Was spricht gegen hsqldb in kombination mit hibernate?

MySQL geht AFAIK nicht als FlatFile.


----------



## alexpetri (29. Jan 2008)

hmm eigentlich spricht nichts dagegen.
irgendwie komme ich mit der art und weise wie die DB aufgebaut ist nicht so ganz klar. Ich habe aus den Sourcen mal ein Beispielskript laufen lassen. in dem eine Tabelle erstellt und einige Datensätze eingefügt wurden. Dies hat mir zwei DB Dateien erzeugt. Was mich dabei schokiert hat ist das ich den CREATE Befehl immer wieder ausführen konnte.


----------



## maki (29. Jan 2008)

> Ich kann auf dem "Produktions-Rechner" keine weitere software installieren.


Die DB kann doch auch auf einer anderen Maschine laufen.

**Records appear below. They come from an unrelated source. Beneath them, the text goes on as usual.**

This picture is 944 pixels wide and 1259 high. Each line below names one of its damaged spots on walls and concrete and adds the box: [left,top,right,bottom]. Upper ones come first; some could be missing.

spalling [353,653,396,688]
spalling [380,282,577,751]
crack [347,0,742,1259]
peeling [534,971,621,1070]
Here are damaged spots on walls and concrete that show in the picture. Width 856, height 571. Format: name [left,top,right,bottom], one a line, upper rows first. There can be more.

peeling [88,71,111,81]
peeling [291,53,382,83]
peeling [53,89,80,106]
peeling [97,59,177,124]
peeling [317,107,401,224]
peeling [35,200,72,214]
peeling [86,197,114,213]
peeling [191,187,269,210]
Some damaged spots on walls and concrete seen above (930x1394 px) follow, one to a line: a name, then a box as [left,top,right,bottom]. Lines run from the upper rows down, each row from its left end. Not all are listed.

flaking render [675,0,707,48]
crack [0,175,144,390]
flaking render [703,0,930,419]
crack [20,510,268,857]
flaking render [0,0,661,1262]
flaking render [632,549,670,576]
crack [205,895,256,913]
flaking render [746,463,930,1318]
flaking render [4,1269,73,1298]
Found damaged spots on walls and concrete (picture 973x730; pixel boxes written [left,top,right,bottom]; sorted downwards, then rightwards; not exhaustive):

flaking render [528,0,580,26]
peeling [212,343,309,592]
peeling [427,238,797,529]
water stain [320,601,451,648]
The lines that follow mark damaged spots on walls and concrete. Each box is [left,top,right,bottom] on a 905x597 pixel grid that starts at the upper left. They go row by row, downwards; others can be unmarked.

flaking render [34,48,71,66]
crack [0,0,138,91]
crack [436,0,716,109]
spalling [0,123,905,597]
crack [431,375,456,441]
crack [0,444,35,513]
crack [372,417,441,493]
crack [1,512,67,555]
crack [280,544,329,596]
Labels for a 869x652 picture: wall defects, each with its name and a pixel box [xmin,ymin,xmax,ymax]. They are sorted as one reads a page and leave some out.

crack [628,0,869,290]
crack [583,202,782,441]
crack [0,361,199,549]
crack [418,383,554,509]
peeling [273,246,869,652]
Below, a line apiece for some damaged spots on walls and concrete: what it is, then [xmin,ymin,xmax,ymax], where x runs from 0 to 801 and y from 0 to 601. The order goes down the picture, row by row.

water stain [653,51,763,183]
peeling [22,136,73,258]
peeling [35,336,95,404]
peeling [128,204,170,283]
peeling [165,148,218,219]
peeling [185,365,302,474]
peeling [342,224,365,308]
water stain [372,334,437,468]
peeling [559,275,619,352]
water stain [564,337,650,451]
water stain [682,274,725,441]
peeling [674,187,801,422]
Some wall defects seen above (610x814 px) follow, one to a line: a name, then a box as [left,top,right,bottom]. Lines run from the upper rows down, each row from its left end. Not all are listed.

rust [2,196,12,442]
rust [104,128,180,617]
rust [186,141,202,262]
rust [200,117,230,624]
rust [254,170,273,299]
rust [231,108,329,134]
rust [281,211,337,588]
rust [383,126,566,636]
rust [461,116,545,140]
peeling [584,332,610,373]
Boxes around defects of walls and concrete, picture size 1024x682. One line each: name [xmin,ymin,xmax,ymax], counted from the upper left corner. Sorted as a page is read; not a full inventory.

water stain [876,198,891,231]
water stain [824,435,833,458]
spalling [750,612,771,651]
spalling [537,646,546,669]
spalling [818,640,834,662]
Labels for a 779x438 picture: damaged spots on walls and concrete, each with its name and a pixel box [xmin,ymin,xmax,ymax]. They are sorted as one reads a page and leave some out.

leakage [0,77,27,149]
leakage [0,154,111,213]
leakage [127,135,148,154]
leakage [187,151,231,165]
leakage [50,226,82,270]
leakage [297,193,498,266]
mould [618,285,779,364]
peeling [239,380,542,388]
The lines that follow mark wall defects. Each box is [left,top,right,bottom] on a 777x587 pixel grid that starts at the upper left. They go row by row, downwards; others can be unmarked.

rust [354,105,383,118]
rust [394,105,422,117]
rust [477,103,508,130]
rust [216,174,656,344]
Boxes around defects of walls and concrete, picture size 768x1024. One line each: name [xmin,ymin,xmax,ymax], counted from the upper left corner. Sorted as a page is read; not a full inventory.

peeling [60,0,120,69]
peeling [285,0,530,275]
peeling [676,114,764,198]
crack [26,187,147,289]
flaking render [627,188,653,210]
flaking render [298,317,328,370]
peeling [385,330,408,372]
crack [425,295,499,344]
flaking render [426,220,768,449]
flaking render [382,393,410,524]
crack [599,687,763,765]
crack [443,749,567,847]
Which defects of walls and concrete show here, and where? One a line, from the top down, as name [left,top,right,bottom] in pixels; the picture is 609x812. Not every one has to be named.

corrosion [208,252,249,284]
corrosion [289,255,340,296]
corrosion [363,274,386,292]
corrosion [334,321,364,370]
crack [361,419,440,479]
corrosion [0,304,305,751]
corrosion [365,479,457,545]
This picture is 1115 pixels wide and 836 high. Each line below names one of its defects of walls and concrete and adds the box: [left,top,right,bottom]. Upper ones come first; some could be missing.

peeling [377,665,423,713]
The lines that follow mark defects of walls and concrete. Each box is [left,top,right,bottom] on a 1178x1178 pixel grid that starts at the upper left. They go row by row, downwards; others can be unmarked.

Ich kenne keine Firma, die nicht irgendwo ein RDBMS am laufen hat.


----------



## tuxedo (29. Jan 2008)

@alexpetri:
Dann schau dir H2 an.. vielleicht ist das da mit dem mehrfachen "create" besser gelöst.

@maki:
Da hast du wohl recht ;-)

- Alex


----------



## alexpetri (29. Jan 2008)

h2? was meinst du damit?


----------



## HoaX (29. Jan 2008)

einfach in google h2 eintippen und den ersten treffer bewundern? h2 ist eine datenbank ...


----------